Much can be learned from reading the “book of humanity,” whether in daily life, history, biography, or even fiction.
· There are several “editions” of mankind introduced in Luke chapter 18, and each one has a spiritual lesson to teach us.
Being a compassionate physician, Dr. Luke wrote about widows and politicians, Pharisees and publicans, little children and adults, rich men and beggars. The lessons they teach us are important.
· Now, let’s look at “The Widow and the Unjust Judge.”
A. Luke mentions widows more than do all the other Gospel writers combined.

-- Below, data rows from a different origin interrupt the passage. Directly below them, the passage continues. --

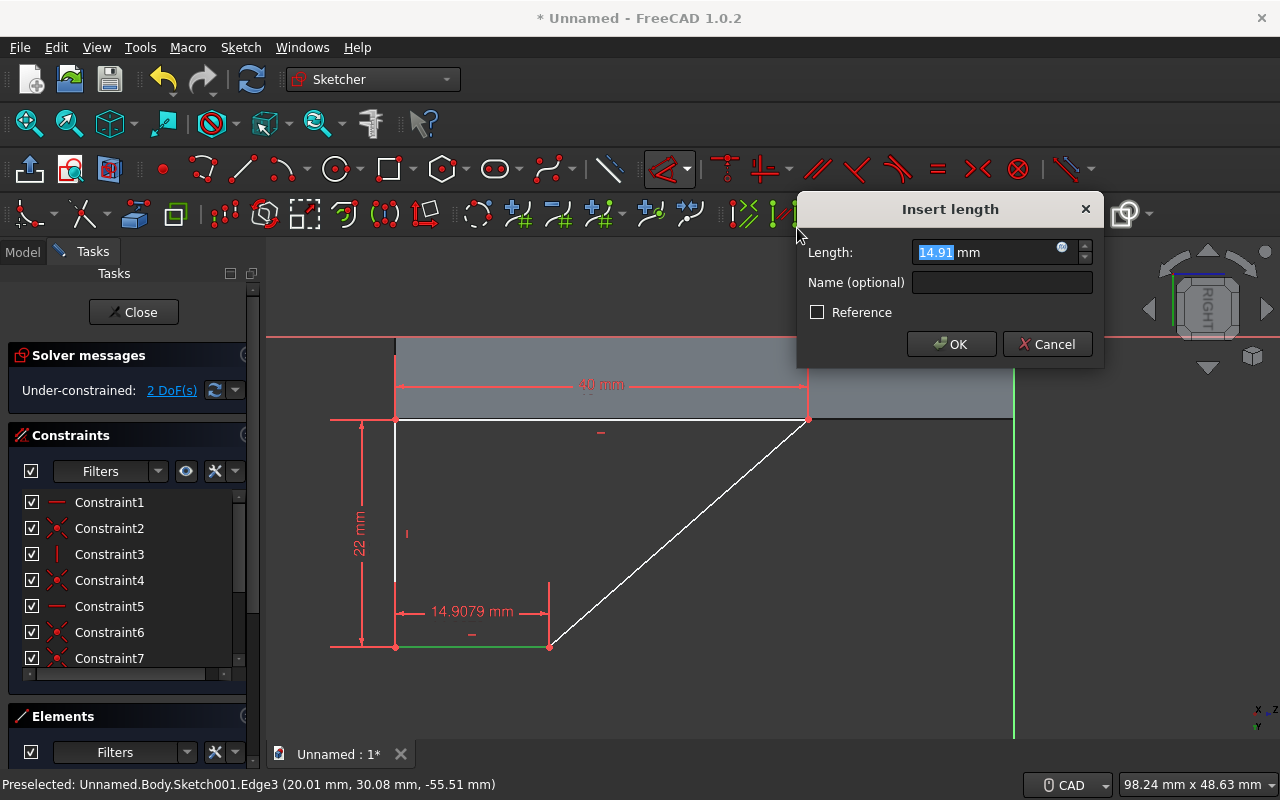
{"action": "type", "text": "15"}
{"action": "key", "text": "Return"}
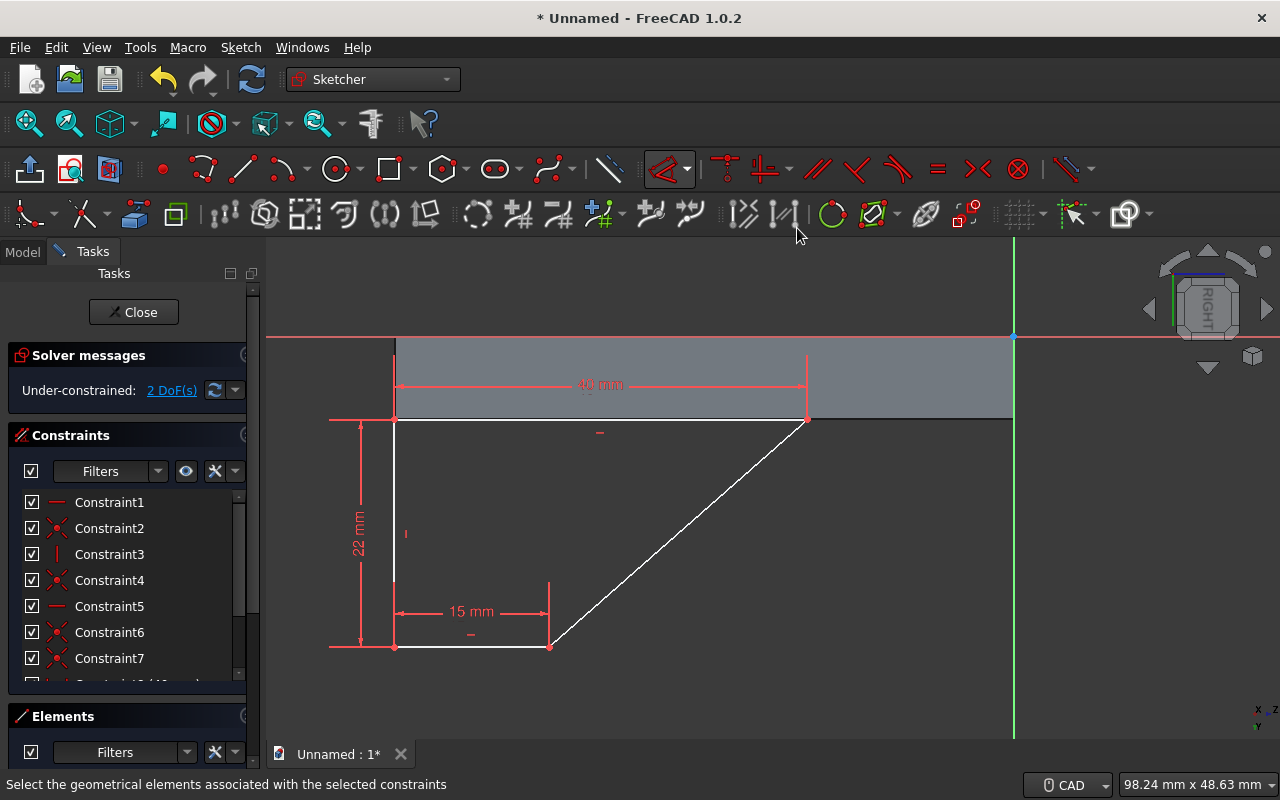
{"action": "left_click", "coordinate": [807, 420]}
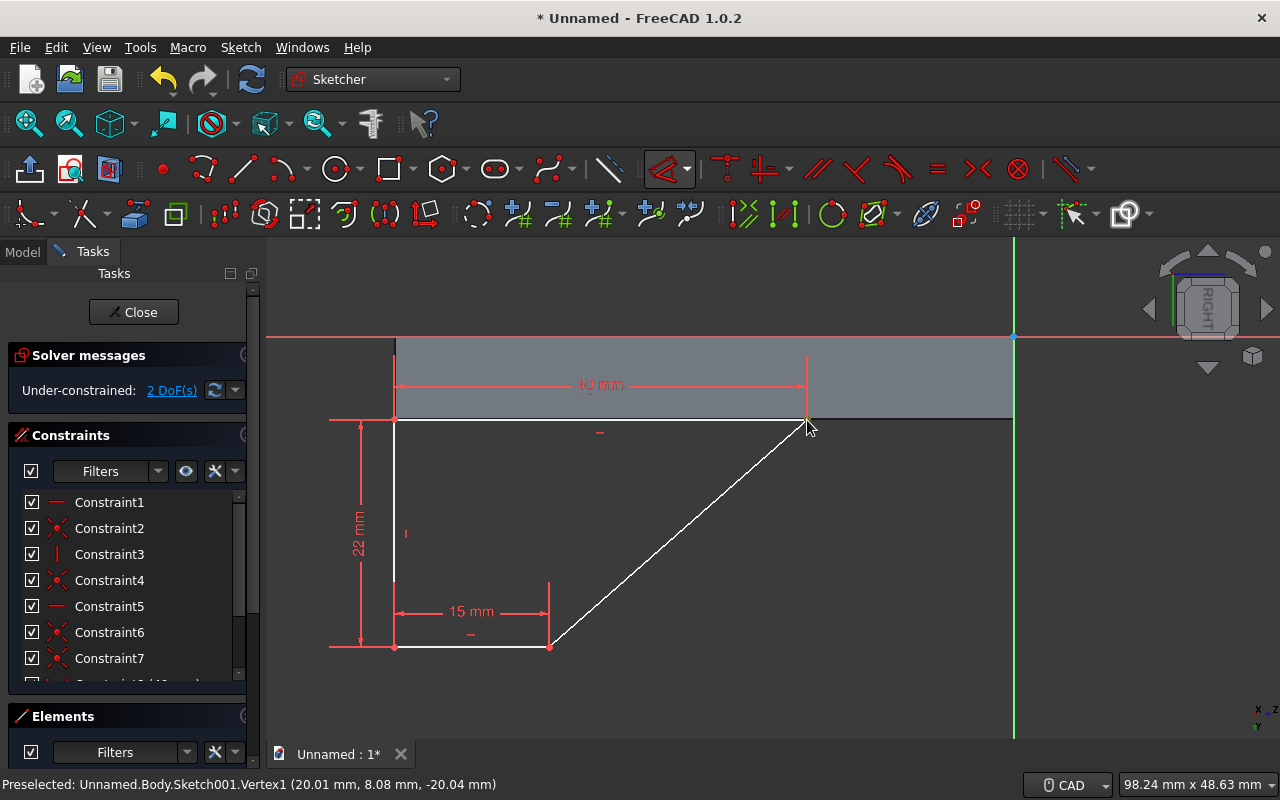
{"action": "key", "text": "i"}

In that day, widows usually had a difficult time making ends meet, in spite of the care the Lord instructed His people to give them (Ex. 22:22-24; Deut. 14:28-29; 16:9-15; Ps. 146:9; Isa. 1:17, 23; Jer. 7:6).
The early church was serious about the care of Christian widows (Acts 6:1; 1 Tim. 5:3-10; James 1:27), a good example for us to follow in 2018.
B. As we study this parable, let’s try to see it in its Eastern setting.
The “courtroom” was not a fine building but a tent that was moved from place to place as the judge covered his circuit. The judge, not the law, set the agenda; and he sat regally in the tent, surrounded by his assistants.
Anybody could watch the proceedings from the outside, but only those who were approved and accepted could have their cases tried. This usually meant bribing one of the assistants so that he would call the judge’s attention to the case.
C. The widow had three obstacles to overcome.
1. Being a woman she, therefore, had little standing before the law. In the Palestinian society of our Lord’s day, women did NOT go to court.
2. Since she was a widow, she had no husband to stand with her in court.
3. She was poor and could not pay a bribe even if she wanted to. No wonder poor widows did not always get the protection the law was supposed to afford them!
INSIGHT: Now that we understand something of the setting of this parable, we can better understand what Jesus was teaching. Basically, Jesus was encouraging His disciples to PRAY!
I. THE WIDOW’S PETITION. (Luke 18:1-3)
(Luke 18:1-3) 1 And he spake a parable unto them to this end, that men ought always to pray, and not to faint; 2 Saying, There was in a city a judge, which feared not God, neither regarded man: 3 And there was a widow in that city; and she came unto him, saying, Avenge me of mine adversary.
A. If we don’t pray, we will faint; it’s as simple as that!
1. The word Faint describes a believer who loses heart and gets so discouraged that he or she wants to quit.
2. I can recall two occasions when I have fainted physically (once when I had a massive leg cramp and once when I had a broken ankle). Fainting is the most helpless feeling I have ever experienced. I felt myself “going,” but I couldn’t seem to do a thing about it!
B. There is a connection between what our Lord said in Luke 18:1 and His statement in Luke 17:37.
(Luke 18:1) And he spake a parable unto them to this end, that men ought always to pray, and not to faint.
(Luke 17:37) And they answered and said unto him, Where, Lord? And he said unto them, Wheresoever the body is, thither will the eagles be gathered together.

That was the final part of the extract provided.